Deploy a Combined Model¶
To fully leverage the value of segmented modeling, you can deploy Combined Models like any other time series model. After selecting the champion model for each included project, you can deploy the Combined Model to create a "one-model" deployment for multiple segments; however, the individual segments in the deployed Combined Model still have their own segment champion models running in the deployment behind the scenes. Creating a deployment allows you to use DataRobot MLOps for accuracy monitoring, prediction intervals, challenger models, and retraining.
When segmented modeling completes, you can deploy the resulting Combined Model:
Once Autopilot has finished, the Model tab contains one model. This model is the completed Combined Model.
Click the Combined Model, and then click Predict > Deploy.
On the Deploy tab, click Register to deploy.
Configure the model registration settings and then click Add to registry. The model opens on the Model Registry > Registered Models tab.
While the registered model builds, click Deploy and then configure the deployment settings.
Combined Model deployment considerations¶
Consider the following when working with segmented modeling deployments:
Time series segmented modeling deployments do not support data drift monitoring.

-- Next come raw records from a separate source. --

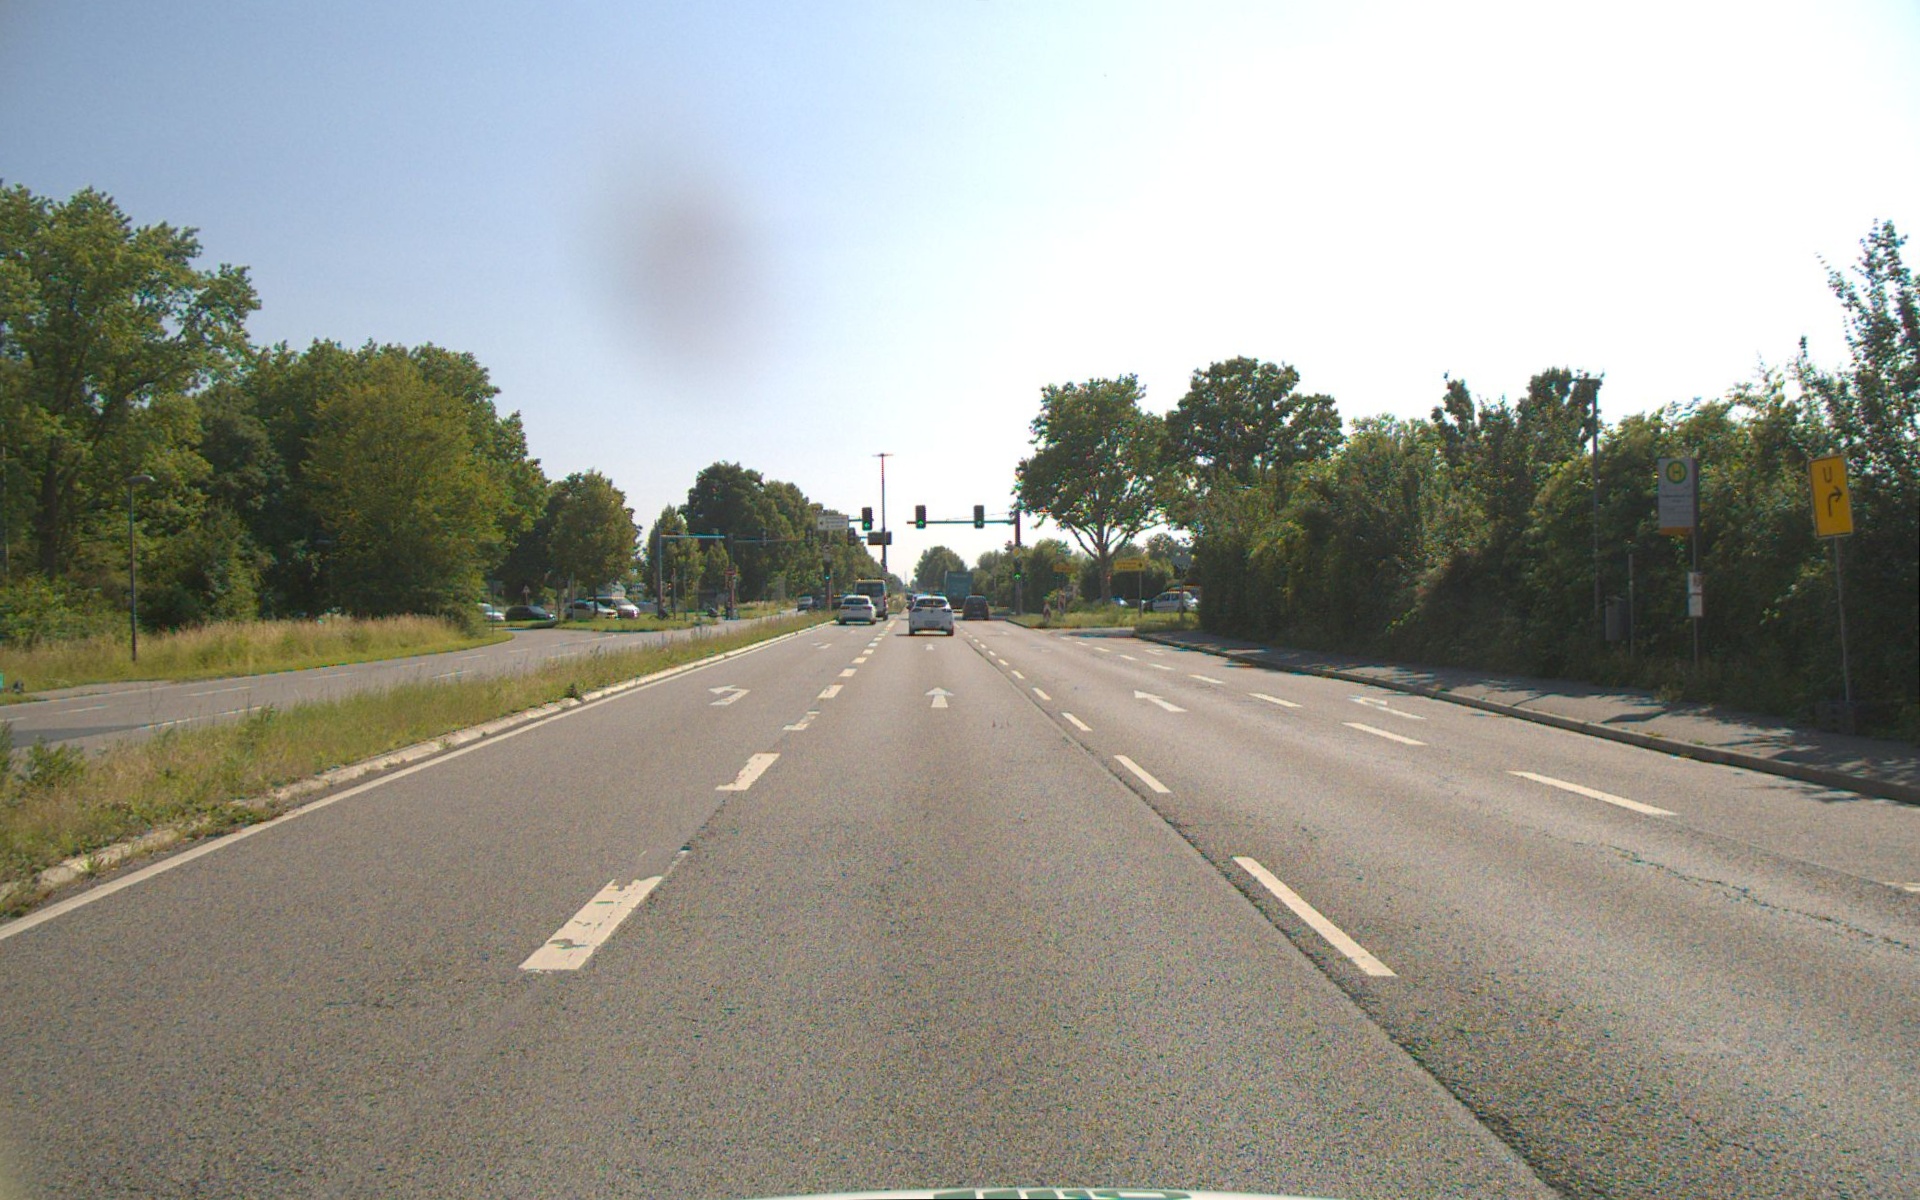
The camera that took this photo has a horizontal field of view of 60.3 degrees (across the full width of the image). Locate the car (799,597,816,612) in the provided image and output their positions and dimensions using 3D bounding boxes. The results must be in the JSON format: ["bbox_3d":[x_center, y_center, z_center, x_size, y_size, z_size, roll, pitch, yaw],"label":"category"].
[{"bbox_3d":[-15.990,0.483,172.990,1.456,1.439,3.761,-3,0,-1],"label":"car"}]

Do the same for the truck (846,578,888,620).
[{"bbox_3d":[-5.483,-0.075,97.875,2.326,2.431,6.038,0,0,-2],"label":"truck"}]

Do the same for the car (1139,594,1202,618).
[{"bbox_3d":[13.441,0.404,105.510,3.667,1.495,1.785,0,-1,23],"label":"car"}]

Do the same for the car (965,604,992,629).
[{"bbox_3d":[1.129,1.014,101.358,1.540,1.439,3.276,1,-1,-1],"label":"car"}]

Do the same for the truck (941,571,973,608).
[{"bbox_3d":[-0.328,-0.982,158.808,2.833,3.488,9.166,0,0,-1],"label":"truck"}]

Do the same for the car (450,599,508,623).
[{"bbox_3d":[-37.688,0.854,129.526,4.414,1.832,1.999,-1,0,34],"label":"car"}]

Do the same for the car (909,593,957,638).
[{"bbox_3d":[-1.015,0.561,62.766,1.762,1.580,3.999,1,0,-1],"label":"car"}]

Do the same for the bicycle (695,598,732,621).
[{"bbox_3d":[-19.317,0.750,129.724,2.737,1.699,1.135,-1,0,26],"label":"bicycle"}]

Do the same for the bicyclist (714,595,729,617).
[{"bbox_3d":[-18.673,0.468,129.447,0.845,1.647,0.757,0,-1,26],"label":"bicyclist"}]

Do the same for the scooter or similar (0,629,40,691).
[{"bbox_3d":[-19.115,1.200,33.376,0.360,1.206,1.340,-2,-1,-1],"label":"scooter or similar"}]

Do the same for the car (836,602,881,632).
[{"bbox_3d":[-5.178,0.849,84.844,1.775,1.490,4.972,0,0,2],"label":"car"}]

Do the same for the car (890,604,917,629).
[{"bbox_3d":[-3.408,0.984,100.223,1.540,1.439,3.276,0,0,-1],"label":"car"}]

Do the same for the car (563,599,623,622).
[{"bbox_3d":[-27.142,0.747,122.393,4.179,1.634,1.999,-1,0,34],"label":"car"}]

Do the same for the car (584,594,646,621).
[{"bbox_3d":[-26.284,0.559,125.887,4.559,1.984,1.994,-1,0,34],"label":"car"}]

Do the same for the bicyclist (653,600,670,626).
[{"bbox_3d":[-17.913,0.775,99.310,0.829,1.544,0.747,0,0,4],"label":"bicyclist"}]

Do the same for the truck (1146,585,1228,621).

Automatic retraining for segmented deployments that use clustering models is disabled; retraining must be done manually.
Retraining can be triggered by accuracy drift in a Combined Model; however, it doesn't support monitoring accuracy in individual segments or retraining individual segments.
Combined model deployments can include standard model challengers.
Modify and clone a deployed Combined Model¶
After deploying a Combined Model, you can change the segment champion for a segment by cloning the deployed Combined Model and modifying the cloned model. This process is automatic and occurs when you attempt to change a segment's champion within a deployed Combined Model. The cloned model you can modify becomes the Active Combined Model. This process ensures stability in the deployed model while allowing you to test changes within the same segmented project.
Only one Combined Model on a project's Leaderboard can be the Active Combined Model (marked with a badge).
To modify and clone a deployed Combined Model, take the following steps:
Once a Combined Model is deployed, it is labeled Prediction API Enabled.
Click the active and deployed Combined Model, and then in the Segments tab, click the segment you want to modify.
In the dialog box that appears, click Yes, create new combined model.
On the project's Leaderboard, you can access and modify the Active Combined Model.
While the Combined Model updated notification is visible, you can click Go to Combined Model to return to the segment's Combined Model in the Leaderboard.